The biggest insurers in the insurance industry said Wednesday that they will raise prices for consumers in 2018 in an effort to lower costs amid a surge in costs from the COVID-19 pandemic.
The American Medical Association (AMA) and the National Association of Insurance Commissioners (NAIC) both released a statement Wednesday outlining the impact of the policy changes they plan to take in 2018.
The AMA said it would raise premiums for a “slightly lower range” of insurers.
The NAIC said it will increase prices for an “unusually high” range of insurers in 2018 and 2019.
The ACA requires that all insurers offer a minimum of two plans in 2018, with the maximum coverage at a minimum level of four health plans.
A second minimum standard is also in place for 2020.
The ACA also requires insurers to offer at least two plans that cover more than 60 percent of enrollees.
The plans must cover essential health benefits and must cover copayments for patients who cannot pay for the coverage.
According to the AMA and NAIC, the new policy will result in premiums for plans that are currently offering two plans to be around $7,000 per person.
In addition to the new minimum standard, the AMA said insurers must lower their out-of-pocket expenses.
The group said the change will reduce costs for low-income consumers, which will reduce their out of pocket expenses and make it easier for them to afford insurance.
As for the 2018-2019 premium increases, the group said that the change could be as low as $100 for an individual and as high as $3,500 for an employer.

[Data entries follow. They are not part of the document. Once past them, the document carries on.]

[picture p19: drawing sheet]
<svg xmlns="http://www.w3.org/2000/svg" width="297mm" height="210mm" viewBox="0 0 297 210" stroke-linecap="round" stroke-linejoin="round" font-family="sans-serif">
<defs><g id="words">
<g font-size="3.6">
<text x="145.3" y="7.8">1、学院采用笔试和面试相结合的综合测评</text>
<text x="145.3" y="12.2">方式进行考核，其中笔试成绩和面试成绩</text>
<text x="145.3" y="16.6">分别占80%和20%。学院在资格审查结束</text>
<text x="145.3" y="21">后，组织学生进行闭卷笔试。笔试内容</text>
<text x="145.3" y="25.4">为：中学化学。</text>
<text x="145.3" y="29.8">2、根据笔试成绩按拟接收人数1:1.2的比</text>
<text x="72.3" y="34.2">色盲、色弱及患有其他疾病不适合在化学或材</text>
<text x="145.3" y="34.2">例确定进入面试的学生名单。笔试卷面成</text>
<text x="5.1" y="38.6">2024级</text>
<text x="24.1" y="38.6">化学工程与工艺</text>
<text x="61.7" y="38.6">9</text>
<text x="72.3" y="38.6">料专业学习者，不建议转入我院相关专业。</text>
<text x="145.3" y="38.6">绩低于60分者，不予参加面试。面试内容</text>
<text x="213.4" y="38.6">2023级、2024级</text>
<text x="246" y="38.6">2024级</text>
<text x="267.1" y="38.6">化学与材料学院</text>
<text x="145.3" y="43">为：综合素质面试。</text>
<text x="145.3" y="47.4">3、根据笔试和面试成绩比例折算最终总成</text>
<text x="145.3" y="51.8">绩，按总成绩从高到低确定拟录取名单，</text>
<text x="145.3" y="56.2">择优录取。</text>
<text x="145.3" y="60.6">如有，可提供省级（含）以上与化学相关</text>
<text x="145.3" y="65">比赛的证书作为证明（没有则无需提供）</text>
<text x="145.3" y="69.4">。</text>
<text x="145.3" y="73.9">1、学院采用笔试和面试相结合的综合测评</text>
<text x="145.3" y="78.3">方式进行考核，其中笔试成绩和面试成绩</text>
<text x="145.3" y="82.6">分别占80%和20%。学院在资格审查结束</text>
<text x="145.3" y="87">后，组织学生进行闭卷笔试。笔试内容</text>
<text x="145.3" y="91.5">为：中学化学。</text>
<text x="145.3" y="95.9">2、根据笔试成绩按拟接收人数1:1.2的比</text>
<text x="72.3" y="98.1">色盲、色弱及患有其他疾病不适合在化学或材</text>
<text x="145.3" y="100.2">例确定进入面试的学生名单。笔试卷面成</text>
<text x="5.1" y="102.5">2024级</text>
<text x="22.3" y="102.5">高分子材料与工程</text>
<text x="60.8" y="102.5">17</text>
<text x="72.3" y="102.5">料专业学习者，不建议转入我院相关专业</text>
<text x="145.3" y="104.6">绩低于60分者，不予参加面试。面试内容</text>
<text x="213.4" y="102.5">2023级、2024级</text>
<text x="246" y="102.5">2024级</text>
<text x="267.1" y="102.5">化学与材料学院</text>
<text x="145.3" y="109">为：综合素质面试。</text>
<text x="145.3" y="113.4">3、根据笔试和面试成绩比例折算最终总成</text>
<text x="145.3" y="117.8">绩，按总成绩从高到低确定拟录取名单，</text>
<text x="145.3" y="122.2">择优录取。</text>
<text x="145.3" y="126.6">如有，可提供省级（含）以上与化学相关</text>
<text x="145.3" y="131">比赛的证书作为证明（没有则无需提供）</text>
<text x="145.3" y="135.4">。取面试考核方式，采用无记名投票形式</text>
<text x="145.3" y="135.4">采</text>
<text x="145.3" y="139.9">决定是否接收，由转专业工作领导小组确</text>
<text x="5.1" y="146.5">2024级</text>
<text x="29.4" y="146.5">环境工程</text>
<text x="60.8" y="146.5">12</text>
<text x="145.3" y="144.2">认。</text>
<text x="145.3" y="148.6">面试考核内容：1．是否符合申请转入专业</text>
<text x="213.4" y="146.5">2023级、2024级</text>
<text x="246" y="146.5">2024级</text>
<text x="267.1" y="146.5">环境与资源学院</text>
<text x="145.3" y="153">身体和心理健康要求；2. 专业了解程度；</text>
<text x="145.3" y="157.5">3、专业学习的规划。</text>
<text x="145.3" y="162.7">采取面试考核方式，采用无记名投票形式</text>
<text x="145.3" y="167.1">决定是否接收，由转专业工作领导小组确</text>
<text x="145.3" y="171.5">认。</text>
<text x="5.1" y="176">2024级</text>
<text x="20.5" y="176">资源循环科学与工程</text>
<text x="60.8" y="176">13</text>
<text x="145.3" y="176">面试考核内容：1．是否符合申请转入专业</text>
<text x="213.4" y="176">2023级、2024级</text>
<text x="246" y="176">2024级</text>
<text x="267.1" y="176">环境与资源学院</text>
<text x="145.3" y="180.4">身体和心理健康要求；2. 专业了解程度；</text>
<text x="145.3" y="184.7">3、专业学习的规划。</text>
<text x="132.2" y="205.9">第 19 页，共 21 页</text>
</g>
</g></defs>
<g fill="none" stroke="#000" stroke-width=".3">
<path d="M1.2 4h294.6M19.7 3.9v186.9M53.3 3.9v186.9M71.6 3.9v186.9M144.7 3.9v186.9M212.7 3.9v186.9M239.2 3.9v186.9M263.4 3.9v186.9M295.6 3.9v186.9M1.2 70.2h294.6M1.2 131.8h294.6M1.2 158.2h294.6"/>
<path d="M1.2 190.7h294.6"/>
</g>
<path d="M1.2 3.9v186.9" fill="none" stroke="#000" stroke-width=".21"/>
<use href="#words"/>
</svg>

“If insurers do not adjust their policies, it will cost them billions of dollars in reduced premiums and increased costs for consumers and employers, especially for low and middle-income families,” said the AMA in a statement.
While the AMA has said it wants to see higher premiums for the individual market, it has also suggested that some insurers may opt to lower the cost of the plan.
The statement from the NAIC suggested that insurers might be able to make adjustments to their plans that reduce their costs.
Meanwhile, the ACA has been pushing for insurance companies to provide greater coverage to people with pre-existing conditions.
The federal government requires insurers that have not yet launched their health plans to cover at least 30 percent of their enrollees with a pre-condition, including cancer, diabetes, hypertension, asthma and other conditions that cause serious physical and psychological illness.